Scaling with Code-to-Test Mapping

As your test suite grows, you can maintain a mapping between code areas and their corresponding Spur tests. This lets you (or your CI pipeline) automatically identify which tests to run when specific code changes.

How it works

  1. Map code areas to tests — Maintain a reference (in your repo or in Spur) that links code paths to test IDs
  2. When a PR touches a file — Claude checks the mapping and identifies which Spur tests cover the affected area
  3. Run only relevant tests — Instead of running the full suite, you run targeted tests that correspond to the change
"I changed the cart component. What Spur tests should I run?"
Claude cross-references the changed files with your test mapping and calls list_tests to confirm coverage, then runs the relevant subset with run_tests.

Example mapping

# test-mapping.yaml
homepage:
  paths: ["src/components/Home/**", "src/pages/index.*"]
  spur_tests: ["test_id_1", "test_id_2"]

cart:
  paths: ["src/components/Cart/**", "src/context/CartContext.*"]
  spur_tests: ["test_id_3", "test_id_4", "test_id_5"]

search:
  paths: ["src/components/Search/**"]
  spur_tests: ["test_id_6", "test_id_7"]

Pairing with Other MCPs

This workflow becomes even more powerful when you combine multiple MCPs:
MCPWhat it adds
GitHubPR diffs, commit history, changed files
Jira / LinearTicket context, acceptance criteria, sprint priorities
See Connecting with Other MCP Tools for setup details.

CI/CD Integration

To fully close the loop, you can trigger Spur tests from your CI pipeline on deploy previews:
  1. Your CI builds a deploy preview for the PR
  2. A GitHub Action triggers Spur tests against the preview URL
  3. Spur runs the relevant tests using environment URL overrides
  4. Results feed back to the PR as a status check
This means every PR gets tested automatically against a live preview — catching regressions before they reach staging or production. See CI/CD Integration for setup instructions.

Tips from Real Usage

Ask Claude to survey your codebase for high-priority test areas first. Then work through them systematically — one area at a time (cart, then navigation, then checkout).
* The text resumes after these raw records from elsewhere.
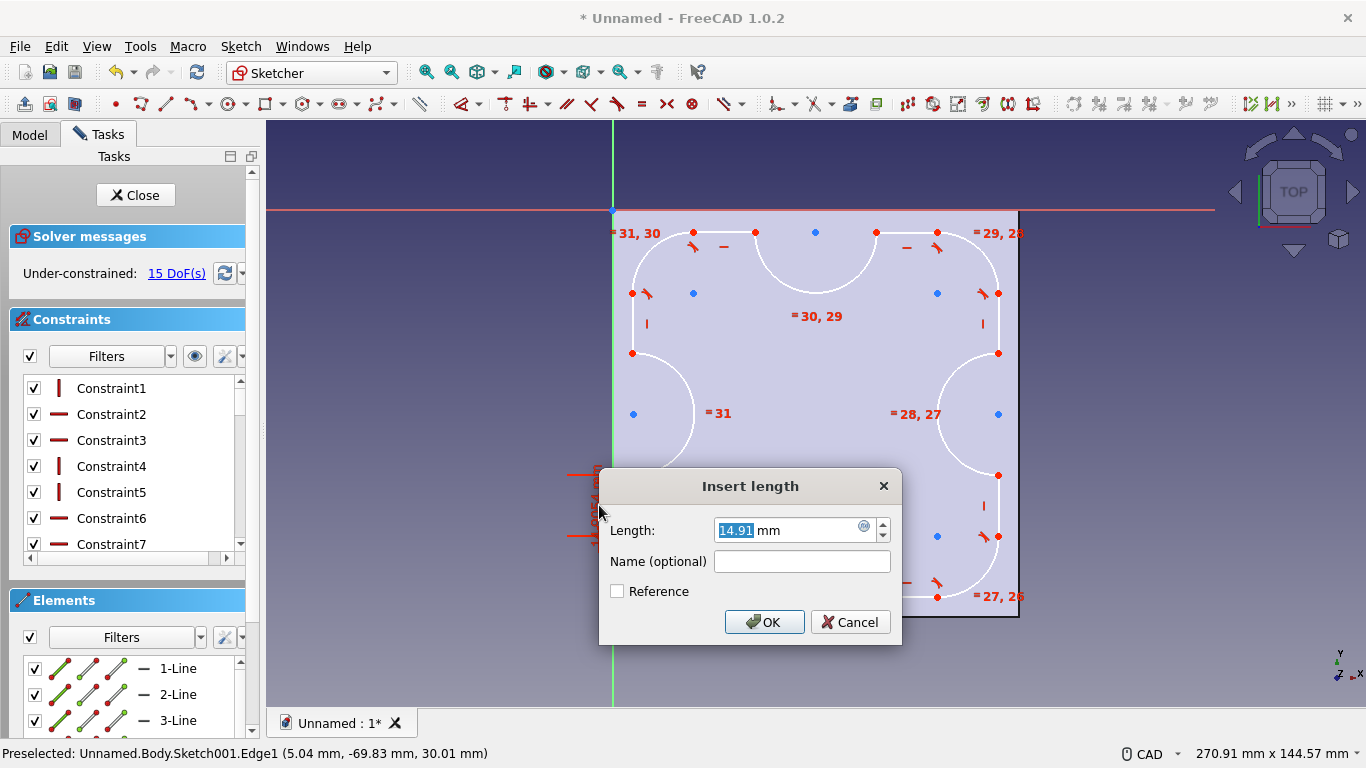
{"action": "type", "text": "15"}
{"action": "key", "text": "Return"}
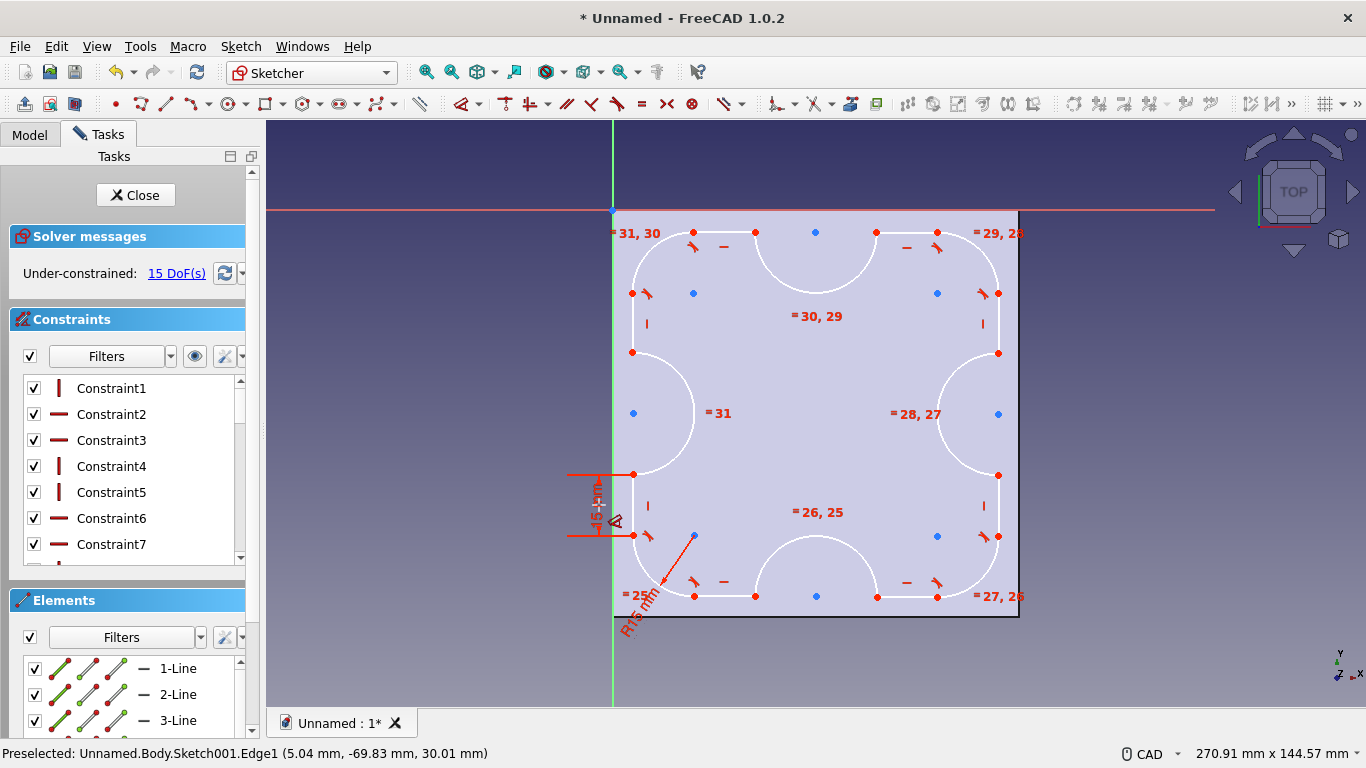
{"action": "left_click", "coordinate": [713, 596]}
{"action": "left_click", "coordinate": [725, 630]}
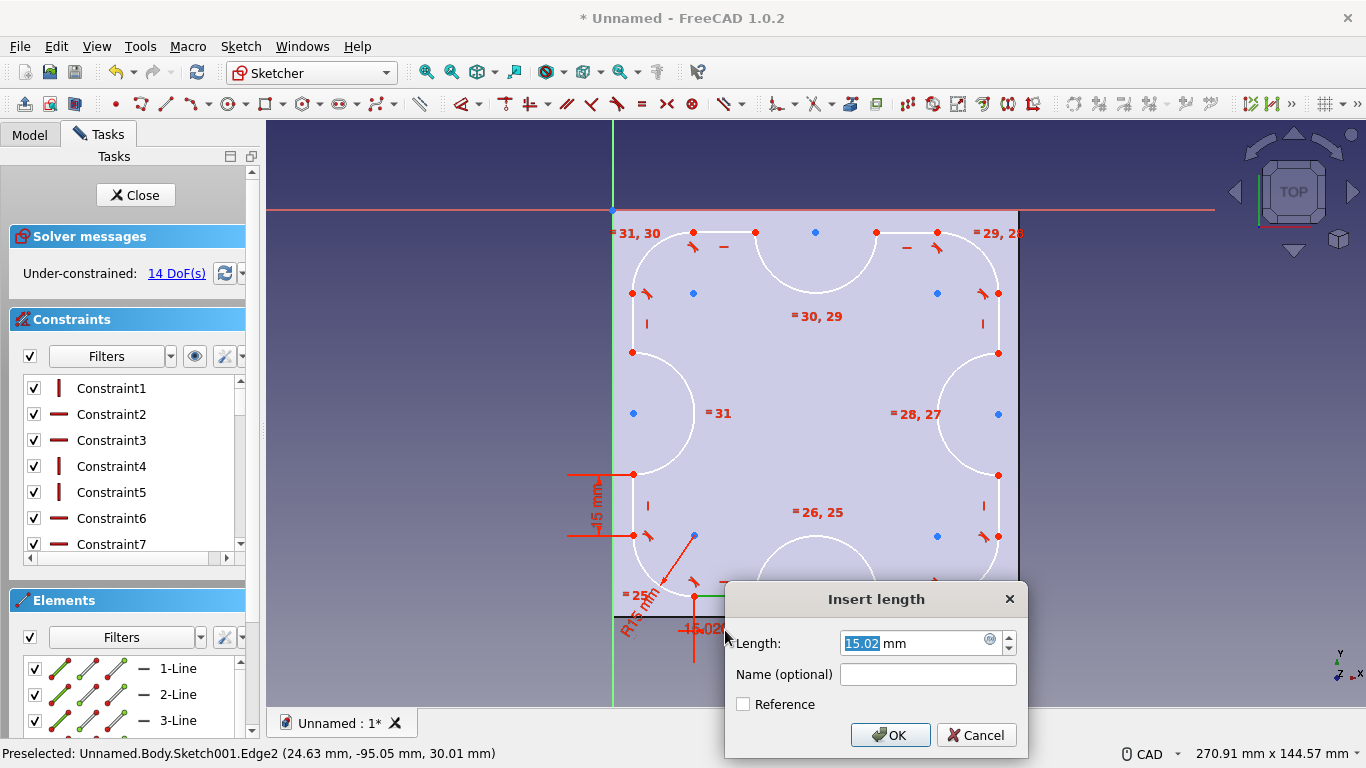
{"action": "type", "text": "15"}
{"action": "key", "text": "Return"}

This is more productive than trying to test everything at once.
When authoring tests, use relative paths instead of hardcoded domains. This makes it easy to run the same tests across staging, production, and deploy previews by overriding the base URL in your environment configuration.
As you iterate with Claude Code, it learns your patterns — what step types to use, how to structure verifications, and what edge cases matter for your app. The more you use it, the less iteration you need.
Each test should validate one flow. Avoid combining multiple scenarios into a single test — it makes failures harder to diagnose and steps harder to maintain.
The most efficient workflow is: generate, create, run, analyze failure, fix steps, run again. Claude can drive this entire loop, only pausing for your approval before running tests.